Last stared at Mason. “What do you mean, where’s Archer?”

“His roll-up tent and sleeping bag are missing from the barn storage.”

Last groaned to himself. One more brother on the lam. Whether Mason wanted to admit it to himself or not, he was driving his family away one by one—just as he had Mimi.

And Mason couldn’t stop them from leaving—any more than he could have stopped their father, Maverick, from leaving when Mason was seventeen.

That’s what love did to a man.

“It’s not going to happen to me,” Tex swore quietly, so that no one heard him except Last, who didn’t need to be told what he meant. “Never.”

Last nodded. Maybe it was better if love didn’t hit any more of them. So far, in their family, love was a disastrous affair with biblically epic consequences.

“We’re doomed,” he murmured to himself, seeing the stone-carved expression on Mason’s face.

“Doomed.”

Chapter Two

Hannah Hotchkiss stared at the back of Ranger’s head. She could practically see plumes of fire shooting right out of his Western hat. A man that temperamental ought to be a crime! He should be happy for the chance to sit next to Cissy—seemed like all men dreamed of being near her. But no—just like every other Jefferson male she’d met, Ranger had to be different and alarming and hypnotizingly macho. A sin in boots. She sighed to herself.

“I suppose you’re pretty much bred from the Jefferson stock,” she said to the man sitting next to her, a man who looked just like Ranger, which was startling and unnerving. The basic difference between them was that Ranger wore a brown Western hat, and this man wore a black felt with silver rope braid. The confident Jefferson smile was dashingly displayed, and the dark eyes were roaming her cut-open tennis shoes and funky-punky red-tipped hair with interest—she groaned silently with frustration.

And here she thought she’d been going to Mississippi to get away from memories of Ranger. Oh, no, life was not that simple. She had to discover he had an unnerving double.

The grin on her seatmate’s face widened as he shoved his hat down over his eyes. “I’m going back to sleep,” he said. “Ranger, you old dog.”

In the front seat, Ranger stiffened at his twin’s words. “I don’t know what that means,” he said, his tone annoyed.

Hannah rolled her eyes, but the twin kept his mouth shut. Cissy flipped her silvery hair and peered over the seat at the twin.

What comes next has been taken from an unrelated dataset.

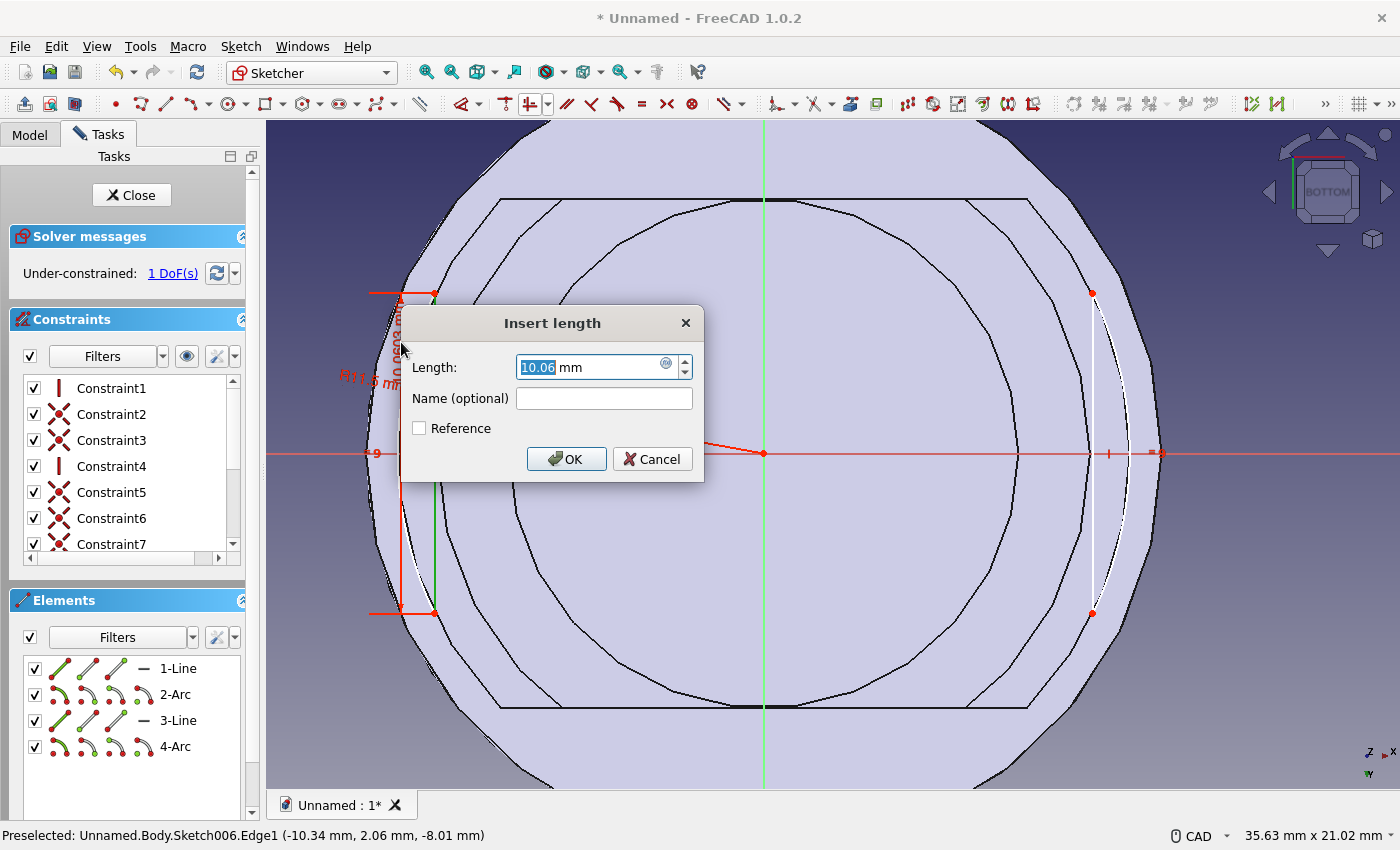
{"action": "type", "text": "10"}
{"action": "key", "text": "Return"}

“Is he always such a wagon-load of joy?” she asked Ranger.

“It’s a family trait,” Hannah said, matching Ranger’s sourness. “Tall, dark and intimidating.”

“Hey!” Archer shoved the hat back and stared at her. “Don’t lump me in with him. We’re not twins in personality.”

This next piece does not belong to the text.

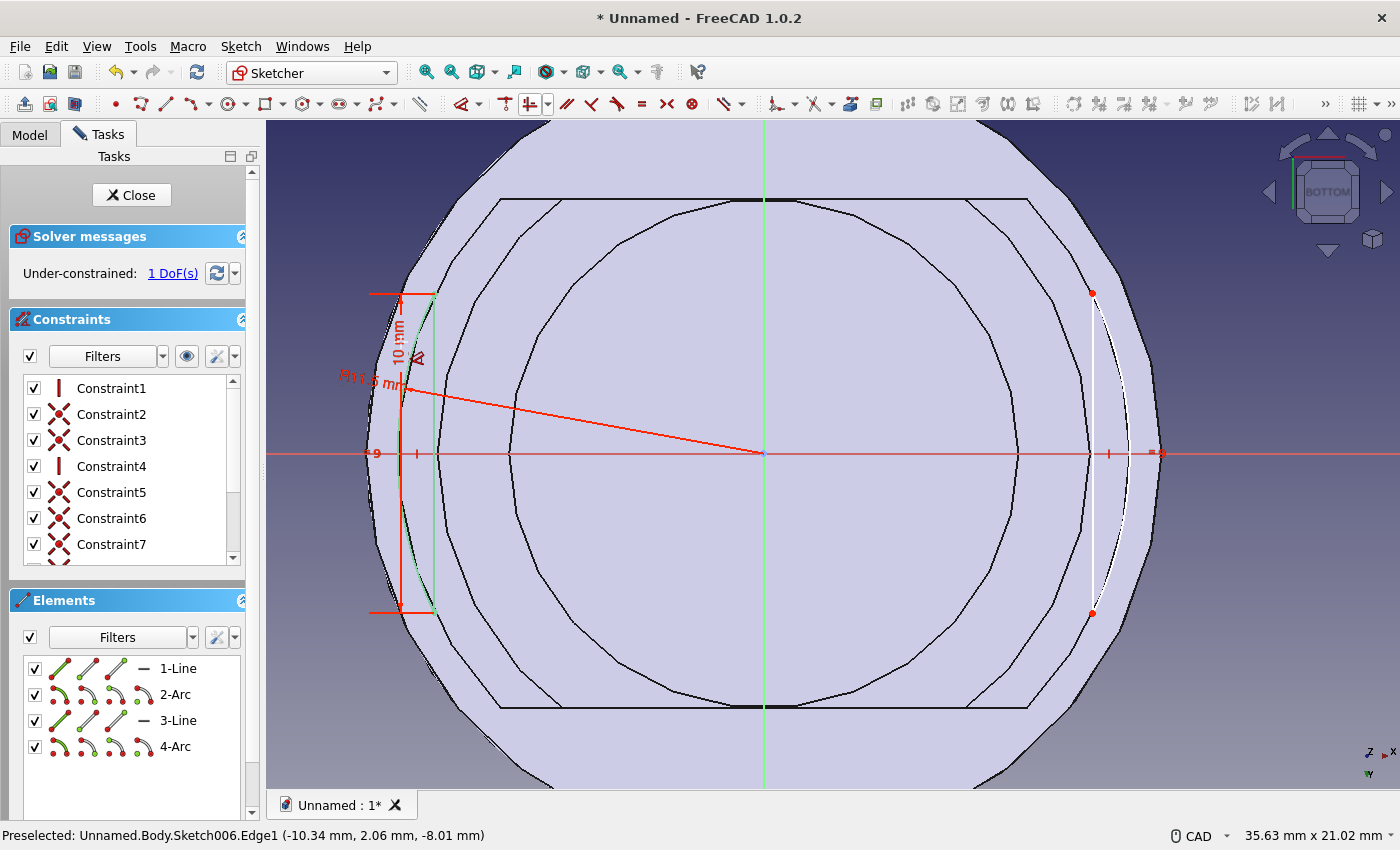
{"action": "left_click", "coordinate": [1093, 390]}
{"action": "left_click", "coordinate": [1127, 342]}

“Don’t insult the driver,” Ranger stated, “or you’ll all find yourselves on the road with your thumbs out. Not much traffic at this hour, I might call to your attention.”

Cissy patted his arm. “We’re not insulting you, are we, Hannah?” she said with a warning glance. “Hannah’s just playing around.”

Hannah shrugged. The difference between her and Cissy was that Cissy came from the get-more-bees-with-honey school and Hannah came from the call-it-as-you-see-it school. The two schools operated so completely differently that it was a wonder she and Cissy had hooked up to get out of Lonely Hearts Station. But necessity made strange bedfellows—or truckmates, anyway—and both of them wanted out, neither of them had a vehicle and each agreed a female traveling alone was a recipe for disaster, never mind which school of thought one had graduated from. So they joined forces, decided to walk or hitch to the bus station—after leaving goodbye notes for Marvella and Delilah, their respective employers—and put themselves on the street with their luggage.

“Just playing around,” Hannah agreed, looking at the back of Ranger’s stubborn head, as Cissy gave her a thorough warning stare. “Don’t take me too seriously, Ranger.”

He snorted. Hannah pulled a baseball cap from her duffel and shoved it on her head, deciding to emulate Archer by closing her eyes. It was going to be a long ride to Mississippi, especially sitting next to the twin of a man she’d kissed and lost a piece of her heart to.